> [WHAT THIS TASK INVOLVES] From the entries below, copy each line in which the word "instrument" occurs.
· · · · ·
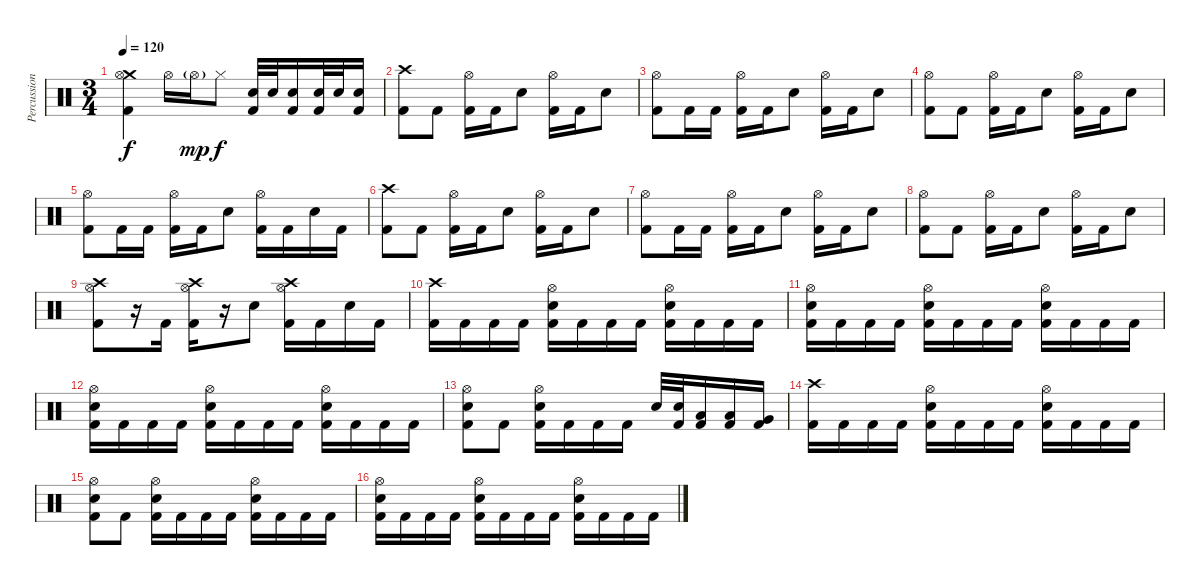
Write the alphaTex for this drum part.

\track ("Percussion" "Percussion") {instrument percussion}
\staff {score}
\articulation defaults
\ts (3 4)
\tempo 120
\clef neutral
\ks c
("Crash medium (hit)" "Hi-Hat (open)"{t} "Kick (hit) 2").4{dy f} "Hi-Hat (open)".16 "Hi-Hat (open)"{g}.16{dy mp} "Hi-Hat (closed)".8{dy f} ("Electric Snare (hit)" "Kick (hit) 2").32 "Electric Snare (hit)".32 ("Electric Snare (hit)" "Kick (hit) 2").16 ("Electric Snare (hit)" "Kick (hit) 2").32 "Electric Snare (hit)".32 ("Electric Snare (hit)" "Kick (hit) 2").16 |
("Crash high (hit)" "Kick (hit) 2").8 "Kick (hit) 2".8 ("Hi-Hat (open)" "Kick (hit) 2").16 "Kick (hit) 2".16 "Electric Snare (hit)".8 ("Hi-Hat (open)" "Kick (hit) 2").16 "Kick (hit) 2".16 "Electric Snare (hit)".8 |
("Hi-Hat (open)" "Kick (hit) 2").8 "Kick (hit) 2".16 "Kick (hit) 2".16 ("Hi-Hat (open)" "Kick (hit) 2").16 "Kick (hit) 2".16 "Electric Snare (hit)".8 ("Hi-Hat (open)" "Kick (hit) 2").16 "Kick (hit) 2".16 "Electric Snare (hit)".8 |
("Hi-Hat (open)" "Kick (hit) 2").8 "Kick (hit) 2".8 ("Hi-Hat (open)" "Kick (hit) 2").16 "Kick (hit) 2".16 "Electric Snare (hit)".8 ("Hi-Hat (open)" "Kick (hit) 2").16 "Kick (hit) 2".16 "Electric Snare (hit)".8 |
("Hi-Hat (open)" "Kick (hit) 2").8 "Kick (hit) 2".16 "Kick (hit) 2".16 ("Hi-Hat (open)" "Kick (hit) 2").16 "Kick (hit) 2".16 "Electric Snare (hit)".8 ("Hi-Hat (open)" "Kick (hit) 2").16 "Kick (hit) 2".16 "Electric Snare (hit)".16 "Kick (hit) 2".16 |
("Crash high (hit)" "Kick (hit) 2").8 "Kick (hit) 2".8 ("Hi-Hat (open)" "Kick (hit) 2").16 "Kick (hit) 2".16 "Electric Snare (hit)".8 ("Hi-Hat (open)" "Kick (hit) 2").16 "Kick (hit) 2".16 "Electric Snare (hit)".8 |
("Hi-Hat (open)" "Kick (hit) 2").8 "Kick (hit) 2".16 "Kick (hit) 2".16 ("Hi-Hat (open)" "Kick (hit) 2").16 "Kick (hit) 2".16 "Electric Snare (hit)".8 ("Hi-Hat (open)" "Kick (hit) 2").16 "Kick (hit) 2".16 "Electric Snare (hit)".8 |
("Hi-Hat (open)" "Kick (hit) 2").8 "Kick (hit) 2".8 ("Hi-Hat (open)" "Kick (hit) 2").16 "Kick (hit) 2".16 "Electric Snare (hit)".8 ("Hi-Hat (open)" "Kick (hit) 2").16 "Kick (hit) 2".16 "Electric Snare (hit)".8 |
("Crash high (hit)" "Hi-Hat (open)" "Kick (hit) 2").8 r.16 "Kick (hit) 2".16 ("Crash high (hit)" "Hi-Hat (open)" "Kick (hit) 2").16 r.16 "Electric Snare (hit)".8 ("Crash high (hit)" "Hi-Hat (open)" "Kick (hit) 2").16 "Kick (hit) 2".16 "Electric Snare (hit)".16 "Kick (hit) 2".16 |
("Crash high (hit)" "Kick (hit) 2").16 "Kick (hit) 2".16 "Kick (hit) 2".16 "Kick (hit) 2".16 ("Hi-Hat (open)" "Electric Snare (hit)" "Kick (hit) 2").16 "Kick (hit) 2".16 "Kick (hit) 2".16 "Kick (hit) 2".16 ("Hi-Hat (open)" "Electric Snare (hit)" "Kick (hit) 2").16 "Kick (hit) 2".16 "Kick (hit) 2".16 "Kick (hit) 2".16 |
("Hi-Hat (open)" "Electric Snare (hit)" "Kick (hit) 2").16 "Kick (hit) 2".16 "Kick (hit) 2".16 "Kick (hit) 2".16 ("Hi-Hat (open)" "Electric Snare (hit)" "Kick (hit) 2").16 "Kick (hit) 2".16 "Kick (hit) 2".16 "Kick (hit) 2".16 ("Hi-Hat (open)" "Electric Snare (hit)" "Kick (hit) 2").16 "Kick (hit) 2".16 "Kick (hit) 2".16 "Kick (hit) 2".16 |
("Hi-Hat (open)" "Electric Snare (hit)" "Kick (hit) 2").16 "Kick (hit) 2".16 "Kick (hit) 2".16 "Kick (hit) 2".16 ("Hi-Hat (open)" "Electric Snare (hit)" "Kick (hit) 2").16 "Kick (hit) 2".16 "Kick (hit) 2".16 "Kick (hit) 2".16 ("Hi-Hat (open)" "Electric Snare (hit)" "Kick (hit) 2").16 "Kick (hit) 2".16 "Kick (hit) 2".16 "Kick (hit) 2".16 |
("Hi-Hat (open)" "Electric Snare (hit)" "Kick (hit) 2").8 "Kick (hit) 2".8 ("Hi-Hat (open)" "Electric Snare (hit)" "Kick (hit) 2").16 "Kick (hit) 2".16 "Kick (hit) 2".16 "Kick (hit) 2".16 "Electric Snare (hit)".32 ("Electric Snare (hit)" "Kick (hit) 2").32 ("Low Tom (hit)" "Kick (hit) 2").16 ("Low Tom (hit)" "Kick (hit) 2").16 ("Very Low Tom (hit)" "Kick (hit) 2").16 |
("Crash high (hit)" "Kick (hit) 2").16 "Kick (hit) 2".16 "Kick (hit) 2".16 "Kick (hit) 2".16 ("Hi-Hat (open)" "Electric Snare (hit)" "Kick (hit) 2").16 "Kick (hit) 2".16 "Kick (hit) 2".16 "Kick (hit) 2".16 ("Hi-Hat (open)" "Electric Snare (hit)" "Kick (hit) 2").16 "Kick (hit) 2".16 "Kick (hit) 2".16 "Kick (hit) 2".16 |
("Hi-Hat (open)" "Electric Snare (hit)" "Kick (hit) 2").8 "Kick (hit) 2".8 ("Hi-Hat (open)" "Electric Snare (hit)" "Kick (hit) 2").16 "Kick (hit) 2".16 "Kick (hit) 2".16 "Kick (hit) 2".16 ("Hi-Hat (open)" "Electric Snare (hit)" "Kick (hit) 2").16 "Kick (hit) 2".16 "Kick (hit) 2".16 "Kick (hit) 2".16 |
("Hi-Hat (open)" "Electric Snare (hit)" "Kick (hit) 2").16 "Kick (hit) 2".16 "Kick (hit) 2".16 "Kick (hit) 2".16 ("Hi-Hat (open)" "Electric Snare (hit)" "Kick (hit) 2").16 "Kick (hit) 2".16 "Kick (hit) 2".16 "Kick (hit) 2".16 ("Hi-Hat (open)" "Electric Snare (hit)" "Kick (hit) 2").16 "Kick (hit) 2".16 "Kick (hit) 2".16 "Kick (hit) 2".16
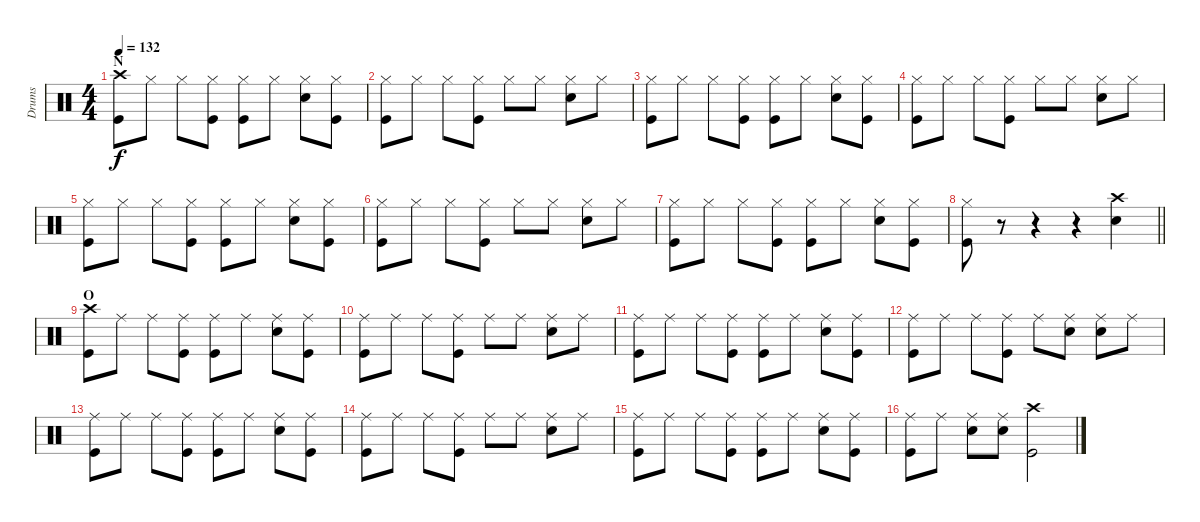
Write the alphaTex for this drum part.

\track ("Drums" "Drums") {instrument percussion}
\staff {score}
\articulation defaults
\ts (4 4)
\section ("" "N")
\tempo 132
\clef neutral
\ks c
("Crash high (hit)" "Kick (hit)").8{dy f} "Hi-Hat (closed)".8 "Hi-Hat (closed)".8 ("Hi-Hat (closed)" "Kick (hit)").8 ("Hi-Hat (closed)" "Kick (hit)").8 "Hi-Hat (closed)".8 ("Hi-Hat (closed)" "Electric Snare (hit)").8 ("Hi-Hat (closed)" "Kick (hit)").8 |
("Hi-Hat (closed)" "Kick (hit)").8 "Hi-Hat (closed)".8 "Hi-Hat (closed)".8 ("Hi-Hat (closed)" "Kick (hit)").8 "Hi-Hat (closed)".8 "Hi-Hat (closed)".8 ("Hi-Hat (closed)" "Electric Snare (hit)").8 "Hi-Hat (closed)".8 |
("Hi-Hat (closed)" "Kick (hit)").8 "Hi-Hat (closed)".8 "Hi-Hat (closed)".8 ("Hi-Hat (closed)" "Kick (hit)").8 ("Hi-Hat (closed)" "Kick (hit)").8 "Hi-Hat (closed)".8 ("Hi-Hat (closed)" "Electric Snare (hit)").8 ("Hi-Hat (closed)" "Kick (hit)").8 |
("Hi-Hat (closed)" "Kick (hit)").8 "Hi-Hat (closed)".8 "Hi-Hat (closed)".8 ("Hi-Hat (closed)" "Kick (hit)").8 "Hi-Hat (closed)".8 "Hi-Hat (closed)".8 ("Hi-Hat (closed)" "Electric Snare (hit)").8 "Hi-Hat (closed)".8 |
("Hi-Hat (closed)" "Kick (hit)").8 "Hi-Hat (closed)".8 "Hi-Hat (closed)".8 ("Hi-Hat (closed)" "Kick (hit)").8 ("Hi-Hat (closed)" "Kick (hit)").8 "Hi-Hat (closed)".8 ("Hi-Hat (closed)" "Electric Snare (hit)").8 ("Hi-Hat (closed)" "Kick (hit)").8 |
("Hi-Hat (closed)" "Kick (hit)").8 "Hi-Hat (closed)".8 "Hi-Hat (closed)".8 ("Hi-Hat (closed)" "Kick (hit)").8 "Hi-Hat (closed)".8 "Hi-Hat (closed)".8 ("Hi-Hat (closed)" "Electric Snare (hit)").8 "Hi-Hat (closed)".8 |
("Hi-Hat (closed)" "Kick (hit)").8 "Hi-Hat (closed)".8 "Hi-Hat (closed)".8 ("Hi-Hat (closed)" "Kick (hit)").8 ("Hi-Hat (closed)" "Kick (hit)").8 "Hi-Hat (closed)".8 ("Hi-Hat (closed)" "Electric Snare (hit)").8 ("Hi-Hat (closed)" "Kick (hit)").8 |
\barLineRight lightlight
("Hi-Hat (closed)" "Kick (hit)").8 r.8 r.4 r.4 ("Crash high (hit)" "Electric Snare (hit)").4 |
\section ("" "O")
("Crash high (hit)" "Kick (hit)").8 "Ride (middle)".8 "Ride (middle)".8 ("Ride (middle)" "Kick (hit)").8 ("Ride (middle)" "Kick (hit)").8 "Ride (middle)".8 ("Ride (middle)" "Electric Snare (hit)").8 ("Ride (middle)" "Kick (hit)").8 |
("Ride (middle)" "Kick (hit)").8 "Ride (middle)".8 "Ride (middle)".8 ("Ride (middle)" "Kick (hit)").8 "Ride (middle)".8 "Ride (middle)".8 ("Ride (middle)" "Electric Snare (hit)").8 "Ride (middle)".8 |
("Ride (middle)" "Kick (hit)").8 "Ride (middle)".8 "Ride (middle)".8 ("Ride (middle)" "Kick (hit)").8 ("Ride (middle)" "Kick (hit)").8 "Ride (middle)".8 ("Ride (middle)" "Electric Snare (hit)").8 ("Ride (middle)" "Kick (hit)").8 |
("Ride (middle)" "Kick (hit)").8 "Ride (middle)".8 "Ride (middle)".8 ("Ride (middle)" "Kick (hit)").8 "Ride (middle)".8 ("Ride (middle)" "Electric Snare (hit)").8 ("Ride (middle)" "Electric Snare (hit)").8 "Ride (middle)".8 |
("Ride (middle)" "Kick (hit)").8 "Ride (middle)".8 "Ride (middle)".8 ("Ride (middle)" "Kick (hit)").8 ("Ride (middle)" "Kick (hit)").8 "Ride (middle)".8 ("Ride (middle)" "Electric Snare (hit)").8 ("Ride (middle)" "Kick (hit)").8 |
("Ride (middle)" "Kick (hit)").8 "Ride (middle)".8 "Ride (middle)".8 ("Ride (middle)" "Kick (hit)").8 "Ride (middle)".8 "Ride (middle)".8 ("Ride (middle)" "Electric Snare (hit)").8 "Ride (middle)".8 |
("Ride (middle)" "Kick (hit)").8 "Ride (middle)".8 "Ride (middle)".8 ("Ride (middle)" "Kick (hit)").8 ("Ride (middle)" "Kick (hit)").8 "Ride (middle)".8 ("Ride (middle)" "Electric Snare (hit)").8 ("Ride (middle)" "Kick (hit)").8 |
("Ride (middle)" "Kick (hit)").8 "Ride (middle)".8 ("Ride (middle)" "Electric Snare (hit)").8 ("Ride (middle)" "Electric Snare (hit)").8 ("Crash high (hit)" "Kick (hit)").2
· · · · ·
> [SOLUTION FOR THIS EXERCISE]
\track ("Percussion" "Percussion") {instrument percussion}
\track ("Drums" "Drums") {instrument percussion}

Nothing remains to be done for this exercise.